◆ ABOUT THIS EXERCISE:
The expected output is each line in the data below that includes the string "values".

Extracted data entries
=======

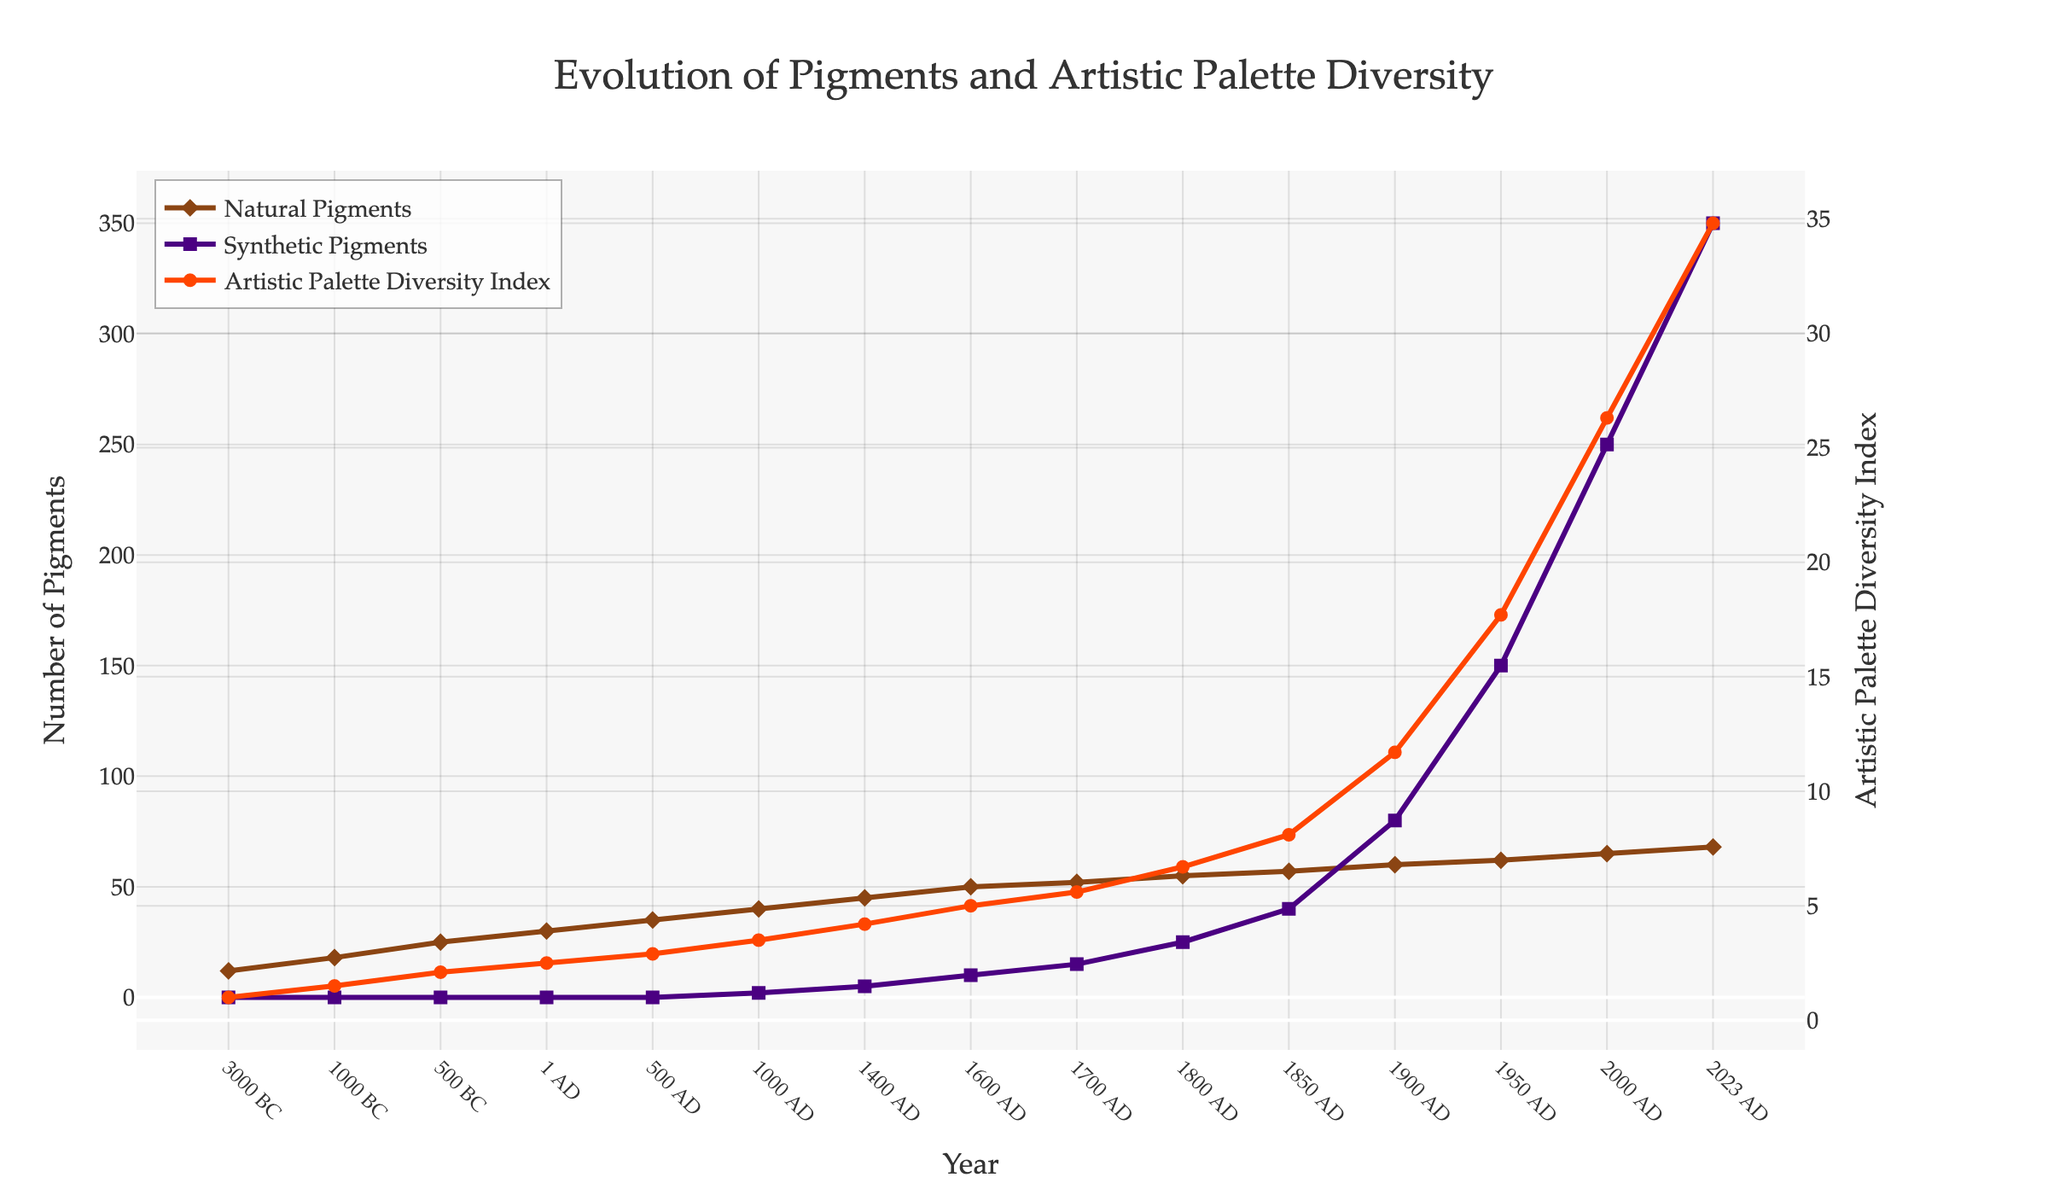What year did synthetic pigments first appear in the data? Look at the x-axis and the corresponding plot points for synthetic pigments. The first appearance is in 1000 AD.
Answer: 1000 AD How does the Artistic Palette Diversity Index in 2000 AD compare to that in 1950 AD? Check the values of the Artistic Palette Diversity Index for the years 2000 AD and 1950 AD. The value in 2000 AD is 26.3, and in 1950 AD it is 17.7. The index increased from 1950 AD to 2000 AD.
Answer: It increased What is the sum of natural pigments and synthetic pigments in the year 1800 AD? Find the values of natural pigments and synthetic pigments in 1800 AD from the chart. Natural pigments = 55, Synthetic pigments = 25. Sum them up: 55 + 25 = 80.
Answer: 80 Identify the period with the most significant growth in synthetic pigments. Look at the slope of the synthetic pigments line over different periods. The most significant growth appears to be between 1900 AD and 1950 AD, where it jumps from 80 to 150.
Answer: 1900 AD to 1950 AD By how much did the Total Available Colors increase between 1400 AD and 1600 AD? Find the total available colors in 1400 AD (50) and in 1600 AD (60). Calculate the difference: 60 - 50 = 10.
Answer: 10 What can we observe about the relationship between the number of synthetic pigments and the Artistic Palette Diversity Index after 1800 AD? After 1800 AD, both the number of synthetic pigments and the Artistic Palette Diversity Index show a strong upward trend, indicating that the introduction of more synthetic pigments contributes significantly to the diversity index.
Answer: Both increased significantly Which type of pigments (natural or synthetic) had a larger contribution to the Total Available Colors in 2023 AD? In 2023 AD, natural pigments = 68 and synthetic pigments = 350. Synthetic pigments contribute much more to the total available colors.
Answer: Synthetic pigments When did both natural pigments and the Artistic Palette Diversity Index each reach a value of 50 or higher? Look for the first year where each of these values reaches or exceeds 50. For natural pigments, it's 1600 AD (50) and for the Artistic Palette Diversity Index, it's 1600 AD (5.0).
Answer: 1600 AD How many years did it take for the Artistic Palette Diversity Index to increase from approximately 5 to approximately 10? Observe the years where the Index was close to 5 and 10. Around 1600 AD, the index was 5 and around 1850 AD, it approached 10 (8.1). So, it took around 250 years.
Answer: Around 250 years 
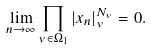Convert formula to latex. <formula><loc_0><loc_0><loc_500><loc_500>\lim _ { n \to \infty } \prod _ { v \in \Omega _ { 1 } } | x _ { n } | _ { v } ^ { N _ { v } } = 0 .</formula>

=======

◆ ANSWER SPACE:
Answer: 1000 AD How does the Artistic Palette Diversity Index in 2000 AD compare to that in 1950 AD? Check the values of the Artistic Palette Diversity Index for the years 2000 AD and 1950 AD. The value in 2000 AD is 26.3, and in 1950 AD it is 17.7. The index increased from 1950 AD to 2000 AD.
Answer: It increased What is the sum of natural pigments and synthetic pigments in the year 1800 AD? Find the values of natural pigments and synthetic pigments in 1800 AD from the chart. Natural pigments = 55, Synthetic pigments = 25. Sum them up: 55 + 25 = 80.
Answer: Synthetic pigments When did both natural pigments and the Artistic Palette Diversity Index each reach a value of 50 or higher? Look for the first year where each of these values reaches or exceeds 50. For natural pigments, it's 1600 AD (50) and for the Artistic Palette Diversity Index, it's 1600 AD (5.0).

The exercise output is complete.